Julien Bourget1; Bruce Ainsworth1; Guillaume Backe1

(1) Australian School of Petroleum, University of Adelaide, Adelaide, SA, Australia.

Giant continental shelves (up to 3000 km in width) were widely developed during Palaeozoic and Mesozoic times. These depositional environments produced major hydrocarbon resources, including some of the giant fields of NW Africa (Mann et al., 2003). The Bonaparte basin (north-west Australia) represents a rare recent to modern analogue for these shelves and can provide major developments in our understanding of these mega geological end members. 3D seismic, high-resolution and conventional 2D seismic were used in combination will well data, to generate a detailed study of the shelf-edge stratigraphy and structure. This resulted in the recognition of the main phases of deformation and an understanding of their control on sedimentation from the Late Oligocene (onset of Australia’s collision with the Banda Arc) to the present-day.

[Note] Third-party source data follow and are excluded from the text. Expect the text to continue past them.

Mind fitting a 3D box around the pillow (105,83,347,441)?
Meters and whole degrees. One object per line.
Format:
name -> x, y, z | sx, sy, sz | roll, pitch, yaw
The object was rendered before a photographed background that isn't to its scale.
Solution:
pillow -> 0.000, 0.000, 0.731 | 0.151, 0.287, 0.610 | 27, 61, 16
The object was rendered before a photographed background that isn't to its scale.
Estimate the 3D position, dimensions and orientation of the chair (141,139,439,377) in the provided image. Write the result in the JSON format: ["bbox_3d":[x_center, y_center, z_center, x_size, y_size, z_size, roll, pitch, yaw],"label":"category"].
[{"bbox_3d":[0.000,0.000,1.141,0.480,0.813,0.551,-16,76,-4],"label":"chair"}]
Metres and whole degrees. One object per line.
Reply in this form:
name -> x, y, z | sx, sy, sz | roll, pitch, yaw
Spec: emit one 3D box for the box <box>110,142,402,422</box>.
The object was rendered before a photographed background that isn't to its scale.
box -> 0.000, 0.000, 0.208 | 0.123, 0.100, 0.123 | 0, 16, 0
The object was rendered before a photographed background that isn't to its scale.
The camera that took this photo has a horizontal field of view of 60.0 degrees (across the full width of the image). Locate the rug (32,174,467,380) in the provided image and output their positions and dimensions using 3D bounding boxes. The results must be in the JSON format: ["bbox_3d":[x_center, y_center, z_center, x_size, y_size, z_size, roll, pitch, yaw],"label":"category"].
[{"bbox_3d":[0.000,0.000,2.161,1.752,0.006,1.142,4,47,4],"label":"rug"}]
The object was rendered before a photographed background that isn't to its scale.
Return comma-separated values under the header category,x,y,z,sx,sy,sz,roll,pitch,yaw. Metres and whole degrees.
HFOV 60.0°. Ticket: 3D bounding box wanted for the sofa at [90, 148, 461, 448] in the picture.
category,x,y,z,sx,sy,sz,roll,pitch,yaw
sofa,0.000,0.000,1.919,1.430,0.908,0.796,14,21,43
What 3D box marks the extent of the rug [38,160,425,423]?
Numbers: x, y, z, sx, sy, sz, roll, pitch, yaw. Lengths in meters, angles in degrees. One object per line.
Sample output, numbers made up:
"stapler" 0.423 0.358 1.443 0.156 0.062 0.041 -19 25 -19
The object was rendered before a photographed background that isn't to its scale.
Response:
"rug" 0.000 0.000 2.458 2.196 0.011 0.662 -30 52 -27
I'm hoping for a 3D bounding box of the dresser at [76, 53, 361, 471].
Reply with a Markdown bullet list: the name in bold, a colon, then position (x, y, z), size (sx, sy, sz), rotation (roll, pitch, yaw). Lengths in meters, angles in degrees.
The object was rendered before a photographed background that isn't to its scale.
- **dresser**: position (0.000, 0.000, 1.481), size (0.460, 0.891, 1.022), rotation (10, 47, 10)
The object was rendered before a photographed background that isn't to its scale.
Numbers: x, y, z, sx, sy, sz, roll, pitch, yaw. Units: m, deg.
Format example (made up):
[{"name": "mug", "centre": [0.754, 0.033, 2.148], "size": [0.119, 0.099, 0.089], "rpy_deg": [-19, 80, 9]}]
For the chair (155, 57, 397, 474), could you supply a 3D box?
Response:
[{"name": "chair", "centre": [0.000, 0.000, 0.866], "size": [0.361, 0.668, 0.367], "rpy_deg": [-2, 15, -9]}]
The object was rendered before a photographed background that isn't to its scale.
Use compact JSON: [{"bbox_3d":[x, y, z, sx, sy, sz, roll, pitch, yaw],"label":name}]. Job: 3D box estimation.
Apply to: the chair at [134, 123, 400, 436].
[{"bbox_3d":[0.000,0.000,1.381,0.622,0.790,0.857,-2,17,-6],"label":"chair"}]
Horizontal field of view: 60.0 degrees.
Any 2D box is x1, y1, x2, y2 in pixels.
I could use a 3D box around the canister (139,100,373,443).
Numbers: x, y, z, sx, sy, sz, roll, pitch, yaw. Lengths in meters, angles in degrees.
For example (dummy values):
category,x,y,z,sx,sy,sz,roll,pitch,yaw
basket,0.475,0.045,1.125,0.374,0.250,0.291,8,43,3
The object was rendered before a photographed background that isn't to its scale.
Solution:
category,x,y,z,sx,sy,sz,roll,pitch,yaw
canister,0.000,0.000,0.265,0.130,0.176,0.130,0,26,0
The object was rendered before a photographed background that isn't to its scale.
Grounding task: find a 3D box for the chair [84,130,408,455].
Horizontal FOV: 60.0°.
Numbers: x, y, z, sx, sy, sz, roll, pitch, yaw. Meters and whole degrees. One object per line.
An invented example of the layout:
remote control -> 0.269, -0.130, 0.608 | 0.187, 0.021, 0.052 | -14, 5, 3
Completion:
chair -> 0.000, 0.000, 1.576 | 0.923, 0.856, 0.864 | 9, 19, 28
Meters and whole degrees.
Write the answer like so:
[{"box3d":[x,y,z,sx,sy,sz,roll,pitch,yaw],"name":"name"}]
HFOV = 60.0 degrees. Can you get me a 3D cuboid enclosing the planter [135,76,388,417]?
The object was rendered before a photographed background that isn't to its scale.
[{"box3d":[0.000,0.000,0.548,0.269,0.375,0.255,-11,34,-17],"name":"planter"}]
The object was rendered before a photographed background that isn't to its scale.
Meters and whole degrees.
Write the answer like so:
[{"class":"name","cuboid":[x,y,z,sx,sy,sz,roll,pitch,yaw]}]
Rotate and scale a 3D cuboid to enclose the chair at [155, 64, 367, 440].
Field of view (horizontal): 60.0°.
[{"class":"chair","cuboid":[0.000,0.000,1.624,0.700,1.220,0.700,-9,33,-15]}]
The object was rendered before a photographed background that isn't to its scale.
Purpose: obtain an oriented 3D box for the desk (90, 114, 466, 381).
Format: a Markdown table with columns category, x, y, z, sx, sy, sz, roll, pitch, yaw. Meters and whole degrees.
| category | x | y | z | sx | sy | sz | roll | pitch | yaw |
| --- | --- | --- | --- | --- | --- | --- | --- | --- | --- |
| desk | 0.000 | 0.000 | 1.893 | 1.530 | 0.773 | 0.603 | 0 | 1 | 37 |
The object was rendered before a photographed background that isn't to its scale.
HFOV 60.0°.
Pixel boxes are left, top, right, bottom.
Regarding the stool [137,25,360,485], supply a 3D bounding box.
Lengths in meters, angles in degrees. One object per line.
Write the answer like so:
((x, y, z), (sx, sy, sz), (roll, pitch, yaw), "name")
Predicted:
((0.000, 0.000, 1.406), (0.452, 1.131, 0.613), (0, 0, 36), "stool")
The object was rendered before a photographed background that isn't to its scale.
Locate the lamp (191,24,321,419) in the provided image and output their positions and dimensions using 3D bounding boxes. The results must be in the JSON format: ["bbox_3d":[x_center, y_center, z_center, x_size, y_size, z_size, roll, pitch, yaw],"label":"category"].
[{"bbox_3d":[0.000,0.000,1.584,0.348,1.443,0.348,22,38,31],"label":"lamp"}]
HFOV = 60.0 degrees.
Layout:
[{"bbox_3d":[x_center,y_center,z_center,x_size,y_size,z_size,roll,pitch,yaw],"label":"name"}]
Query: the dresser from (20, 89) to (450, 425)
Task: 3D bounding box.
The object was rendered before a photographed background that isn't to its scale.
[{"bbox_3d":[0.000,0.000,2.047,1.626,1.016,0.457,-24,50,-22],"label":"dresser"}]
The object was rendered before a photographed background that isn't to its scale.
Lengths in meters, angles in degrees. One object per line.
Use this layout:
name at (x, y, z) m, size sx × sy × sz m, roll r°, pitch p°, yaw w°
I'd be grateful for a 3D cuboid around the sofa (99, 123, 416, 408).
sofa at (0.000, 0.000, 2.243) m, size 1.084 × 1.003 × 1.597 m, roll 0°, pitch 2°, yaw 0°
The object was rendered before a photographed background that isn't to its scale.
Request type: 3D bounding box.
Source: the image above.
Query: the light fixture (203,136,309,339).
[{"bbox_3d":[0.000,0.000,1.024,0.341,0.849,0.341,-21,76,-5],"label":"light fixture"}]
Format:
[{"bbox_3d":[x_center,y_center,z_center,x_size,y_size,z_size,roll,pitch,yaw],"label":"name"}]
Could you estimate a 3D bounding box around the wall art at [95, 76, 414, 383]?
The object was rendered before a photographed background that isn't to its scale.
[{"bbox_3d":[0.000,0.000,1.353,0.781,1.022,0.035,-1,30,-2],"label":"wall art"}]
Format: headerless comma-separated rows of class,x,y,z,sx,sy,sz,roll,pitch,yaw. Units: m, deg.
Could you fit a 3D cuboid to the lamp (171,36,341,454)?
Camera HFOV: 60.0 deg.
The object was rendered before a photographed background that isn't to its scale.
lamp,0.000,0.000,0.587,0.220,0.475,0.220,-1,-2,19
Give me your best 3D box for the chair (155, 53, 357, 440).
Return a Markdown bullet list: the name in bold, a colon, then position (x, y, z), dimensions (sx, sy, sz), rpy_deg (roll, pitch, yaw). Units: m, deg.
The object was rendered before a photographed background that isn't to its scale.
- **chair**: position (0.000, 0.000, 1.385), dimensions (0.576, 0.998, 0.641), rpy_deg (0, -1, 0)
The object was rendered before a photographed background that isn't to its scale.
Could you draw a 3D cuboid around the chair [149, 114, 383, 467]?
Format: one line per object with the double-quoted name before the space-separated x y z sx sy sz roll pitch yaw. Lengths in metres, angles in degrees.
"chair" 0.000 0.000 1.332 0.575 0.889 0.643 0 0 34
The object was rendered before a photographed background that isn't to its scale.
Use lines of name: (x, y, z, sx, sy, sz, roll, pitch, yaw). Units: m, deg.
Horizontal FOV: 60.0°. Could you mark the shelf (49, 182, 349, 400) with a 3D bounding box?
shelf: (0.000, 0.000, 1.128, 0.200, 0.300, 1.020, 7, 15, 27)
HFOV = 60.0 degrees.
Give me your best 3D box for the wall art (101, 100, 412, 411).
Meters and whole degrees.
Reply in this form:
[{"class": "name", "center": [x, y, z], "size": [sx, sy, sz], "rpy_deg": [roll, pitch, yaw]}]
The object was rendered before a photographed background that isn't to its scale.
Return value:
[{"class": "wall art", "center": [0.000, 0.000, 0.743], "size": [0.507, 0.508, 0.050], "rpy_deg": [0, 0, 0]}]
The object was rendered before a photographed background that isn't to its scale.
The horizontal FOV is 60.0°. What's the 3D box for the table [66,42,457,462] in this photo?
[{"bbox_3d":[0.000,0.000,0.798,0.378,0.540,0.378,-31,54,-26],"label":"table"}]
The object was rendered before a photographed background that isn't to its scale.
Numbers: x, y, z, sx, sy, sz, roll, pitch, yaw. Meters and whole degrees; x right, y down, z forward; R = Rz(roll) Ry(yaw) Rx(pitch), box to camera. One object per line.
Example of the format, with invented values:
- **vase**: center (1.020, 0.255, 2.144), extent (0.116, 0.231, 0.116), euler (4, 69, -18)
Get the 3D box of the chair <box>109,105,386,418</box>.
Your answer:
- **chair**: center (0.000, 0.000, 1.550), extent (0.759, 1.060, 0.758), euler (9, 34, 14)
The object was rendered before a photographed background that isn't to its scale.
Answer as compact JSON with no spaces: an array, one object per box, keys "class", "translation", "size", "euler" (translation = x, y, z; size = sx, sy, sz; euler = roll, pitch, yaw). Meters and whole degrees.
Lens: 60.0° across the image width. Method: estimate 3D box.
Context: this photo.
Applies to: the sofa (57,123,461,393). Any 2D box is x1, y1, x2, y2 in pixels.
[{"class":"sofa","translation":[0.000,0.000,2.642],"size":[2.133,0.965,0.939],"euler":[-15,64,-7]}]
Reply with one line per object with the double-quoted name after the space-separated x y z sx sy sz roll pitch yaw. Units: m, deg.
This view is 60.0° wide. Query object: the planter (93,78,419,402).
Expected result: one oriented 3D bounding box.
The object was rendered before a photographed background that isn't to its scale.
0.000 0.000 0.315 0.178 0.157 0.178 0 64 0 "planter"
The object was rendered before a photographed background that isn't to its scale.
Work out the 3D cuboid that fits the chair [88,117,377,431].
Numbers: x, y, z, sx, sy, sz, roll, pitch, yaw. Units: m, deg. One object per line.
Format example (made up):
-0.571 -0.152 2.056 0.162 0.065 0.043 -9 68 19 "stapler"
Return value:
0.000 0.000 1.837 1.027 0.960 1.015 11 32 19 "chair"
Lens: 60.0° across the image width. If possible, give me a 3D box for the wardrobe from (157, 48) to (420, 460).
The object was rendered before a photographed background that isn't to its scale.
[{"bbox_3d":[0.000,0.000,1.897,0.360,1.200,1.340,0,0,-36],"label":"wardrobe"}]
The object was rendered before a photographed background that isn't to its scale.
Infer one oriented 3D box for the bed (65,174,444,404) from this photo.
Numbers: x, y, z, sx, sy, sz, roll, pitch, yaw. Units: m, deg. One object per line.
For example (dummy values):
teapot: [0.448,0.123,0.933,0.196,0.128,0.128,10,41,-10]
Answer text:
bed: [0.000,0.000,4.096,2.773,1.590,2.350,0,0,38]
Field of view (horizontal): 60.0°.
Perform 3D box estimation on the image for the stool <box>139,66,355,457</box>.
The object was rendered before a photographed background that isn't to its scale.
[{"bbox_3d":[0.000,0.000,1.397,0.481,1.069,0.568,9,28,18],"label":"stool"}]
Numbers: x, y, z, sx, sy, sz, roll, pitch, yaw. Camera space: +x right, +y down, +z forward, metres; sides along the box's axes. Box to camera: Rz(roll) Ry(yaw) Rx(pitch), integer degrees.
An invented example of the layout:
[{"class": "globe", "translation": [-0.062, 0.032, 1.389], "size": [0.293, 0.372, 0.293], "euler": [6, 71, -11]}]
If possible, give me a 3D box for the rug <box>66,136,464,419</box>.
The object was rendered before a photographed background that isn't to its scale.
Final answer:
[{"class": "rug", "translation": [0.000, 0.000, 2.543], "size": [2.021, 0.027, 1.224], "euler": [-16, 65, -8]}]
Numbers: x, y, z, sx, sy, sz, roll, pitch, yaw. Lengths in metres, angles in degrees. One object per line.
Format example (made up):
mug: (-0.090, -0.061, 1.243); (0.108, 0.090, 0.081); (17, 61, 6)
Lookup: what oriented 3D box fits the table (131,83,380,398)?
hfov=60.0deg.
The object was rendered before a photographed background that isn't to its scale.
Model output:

Our observations are consistent with the regional model of a partitioned collision-induced deformation (Harrowfield et al., 2003), but we further demonstrate that both left-lateral strike-slip tectonics and flexure-induced basement topography reactivation controlled the location and nature of the Neogene sediment depocenters along the northern Bonaparte shelf. Along the deformation phases, the Late Pliocene / Early Pleistocene transition has been marked by a major tectonic pulse that ultimately shaped the giant continental shelf architecture. It lead to the creation of structurally-controlled depositional settings including a large, > 100 m deep intrashelf basin and a series of pull-apart basins at the shelf-edge. These structurally-controlled features strongly affected the stratigraphic architecture of both the central basin and shelf-edge areas. Similar patterns of tectonic control on sediment distribution have been recognized in the Gondwana sequences of the North African platform (Boote et al., 1998). The Bonaparte shelf provides some keys to evaluating the importance of tectono-sedimentary relationships along giant continental shelves, and hence could be used to better understand its ancient counterparts.